Data extract Start Marker

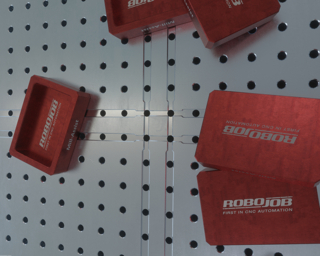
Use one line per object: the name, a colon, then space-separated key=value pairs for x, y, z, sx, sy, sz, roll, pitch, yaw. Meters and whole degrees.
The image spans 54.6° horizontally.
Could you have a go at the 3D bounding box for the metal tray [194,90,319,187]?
metal tray: x=0.113 y=0.009 z=0.349 sx=0.130 sy=0.030 sz=0.090 roll=9 pitch=74 yaw=25

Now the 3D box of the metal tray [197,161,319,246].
metal tray: x=0.116 y=0.089 z=0.369 sx=0.130 sy=0.030 sz=0.090 roll=-9 pitch=87 yaw=19

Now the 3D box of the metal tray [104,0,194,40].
metal tray: x=-0.010 y=-0.179 z=0.413 sx=0.130 sy=0.030 sz=0.090 roll=-10 pitch=87 yaw=19

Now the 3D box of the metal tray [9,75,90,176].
metal tray: x=-0.168 y=-0.005 z=0.470 sx=0.090 sy=0.030 sz=0.129 roll=22 pitch=97 yaw=18

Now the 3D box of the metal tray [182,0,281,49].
metal tray: x=0.069 y=-0.171 z=0.363 sx=0.090 sy=0.030 sz=0.130 roll=-26 pitch=89 yaw=0

Data extract End Marker

Problem statement: Leave the images out and print each entry exactly.

Task output:
Use one line per object: the name, a colon, then space-separated key=value pairs for x, y, z, sx, sy, sz, roll, pitch, yaw. Meters and whole degrees.
The image spans 54.6° horizontally.
Could you have a go at the 3D bounding box for the metal tray [194,90,319,187]?
metal tray: x=0.113 y=0.009 z=0.349 sx=0.130 sy=0.030 sz=0.090 roll=9 pitch=74 yaw=25

Now the 3D box of the metal tray [197,161,319,246].
metal tray: x=0.116 y=0.089 z=0.369 sx=0.130 sy=0.030 sz=0.090 roll=-9 pitch=87 yaw=19

Now the 3D box of the metal tray [104,0,194,40].
metal tray: x=-0.010 y=-0.179 z=0.413 sx=0.130 sy=0.030 sz=0.090 roll=-10 pitch=87 yaw=19

Now the 3D box of the metal tray [9,75,90,176].
metal tray: x=-0.168 y=-0.005 z=0.470 sx=0.090 sy=0.030 sz=0.129 roll=22 pitch=97 yaw=18

Now the 3D box of the metal tray [182,0,281,49].
metal tray: x=0.069 y=-0.171 z=0.363 sx=0.090 sy=0.030 sz=0.130 roll=-26 pitch=89 yaw=0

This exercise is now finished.